- **Given records**:
• • • •

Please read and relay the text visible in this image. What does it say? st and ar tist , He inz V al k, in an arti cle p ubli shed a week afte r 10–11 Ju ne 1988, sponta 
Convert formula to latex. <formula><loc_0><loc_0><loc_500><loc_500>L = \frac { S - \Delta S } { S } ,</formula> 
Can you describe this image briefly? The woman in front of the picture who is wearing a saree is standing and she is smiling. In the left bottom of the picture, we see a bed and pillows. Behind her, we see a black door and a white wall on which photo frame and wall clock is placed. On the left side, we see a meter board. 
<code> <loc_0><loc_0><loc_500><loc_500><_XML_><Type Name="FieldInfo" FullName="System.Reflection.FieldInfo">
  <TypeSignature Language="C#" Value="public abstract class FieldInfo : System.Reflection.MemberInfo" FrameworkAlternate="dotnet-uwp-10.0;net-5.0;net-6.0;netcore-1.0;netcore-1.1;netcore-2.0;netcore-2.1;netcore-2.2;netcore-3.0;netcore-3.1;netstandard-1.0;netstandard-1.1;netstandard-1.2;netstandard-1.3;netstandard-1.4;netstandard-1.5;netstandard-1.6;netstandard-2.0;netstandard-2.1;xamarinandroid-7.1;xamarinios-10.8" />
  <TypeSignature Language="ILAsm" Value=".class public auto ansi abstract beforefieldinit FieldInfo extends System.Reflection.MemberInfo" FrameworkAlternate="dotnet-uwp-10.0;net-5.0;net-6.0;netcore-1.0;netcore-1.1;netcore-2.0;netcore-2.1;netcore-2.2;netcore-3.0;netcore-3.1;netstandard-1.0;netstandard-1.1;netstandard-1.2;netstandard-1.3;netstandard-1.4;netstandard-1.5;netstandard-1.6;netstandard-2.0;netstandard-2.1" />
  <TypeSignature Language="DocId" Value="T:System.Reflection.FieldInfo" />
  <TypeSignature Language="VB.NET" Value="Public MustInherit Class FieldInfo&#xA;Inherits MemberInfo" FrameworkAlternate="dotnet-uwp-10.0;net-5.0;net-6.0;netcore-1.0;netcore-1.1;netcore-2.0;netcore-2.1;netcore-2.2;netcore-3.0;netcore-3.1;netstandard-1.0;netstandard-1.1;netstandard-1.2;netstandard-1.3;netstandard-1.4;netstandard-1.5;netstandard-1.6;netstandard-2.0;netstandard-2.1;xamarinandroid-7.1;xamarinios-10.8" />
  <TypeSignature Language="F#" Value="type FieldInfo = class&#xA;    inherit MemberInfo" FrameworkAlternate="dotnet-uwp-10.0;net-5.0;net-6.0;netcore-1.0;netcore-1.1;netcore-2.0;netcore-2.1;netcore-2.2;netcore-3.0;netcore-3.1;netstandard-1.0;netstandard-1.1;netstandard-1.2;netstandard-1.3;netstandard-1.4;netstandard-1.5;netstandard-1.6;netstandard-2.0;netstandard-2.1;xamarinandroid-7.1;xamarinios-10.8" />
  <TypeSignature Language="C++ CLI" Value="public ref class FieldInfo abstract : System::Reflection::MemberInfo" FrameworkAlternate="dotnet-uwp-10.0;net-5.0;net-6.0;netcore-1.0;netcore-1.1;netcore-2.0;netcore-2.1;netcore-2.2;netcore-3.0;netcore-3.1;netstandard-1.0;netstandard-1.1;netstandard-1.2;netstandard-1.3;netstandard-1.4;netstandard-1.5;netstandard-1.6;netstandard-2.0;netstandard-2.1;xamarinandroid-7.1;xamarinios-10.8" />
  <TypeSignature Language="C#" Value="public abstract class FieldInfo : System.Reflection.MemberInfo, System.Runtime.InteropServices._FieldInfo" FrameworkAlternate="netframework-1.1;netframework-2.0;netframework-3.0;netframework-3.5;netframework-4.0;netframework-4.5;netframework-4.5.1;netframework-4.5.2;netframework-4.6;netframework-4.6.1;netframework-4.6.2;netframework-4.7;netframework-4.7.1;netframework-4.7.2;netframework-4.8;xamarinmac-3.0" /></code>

• • • •

- **Your goal**: What lines in the data hold the word "code"? Return them.

- **Result for this task**:
<code> <loc_0><loc_0><loc_500><loc_500><_XML_><Type Name="FieldInfo" FullName="System.Reflection.FieldInfo">
  <TypeSignature Language="C#" Value="public abstract class FieldInfo : System.Reflection.MemberInfo, System.Runtime.InteropServices._FieldInfo" FrameworkAlternate="netframework-1.1;netframework-2.0;netframework-3.0;netframework-3.5;netframework-4.0;netframework-4.5;netframework-4.5.1;netframework-4.5.2;netframework-4.6;netframework-4.6.1;netframework-4.6.2;netframework-4.7;netframework-4.7.1;netframework-4.7.2;netframework-4.8;xamarinmac-3.0" /></code>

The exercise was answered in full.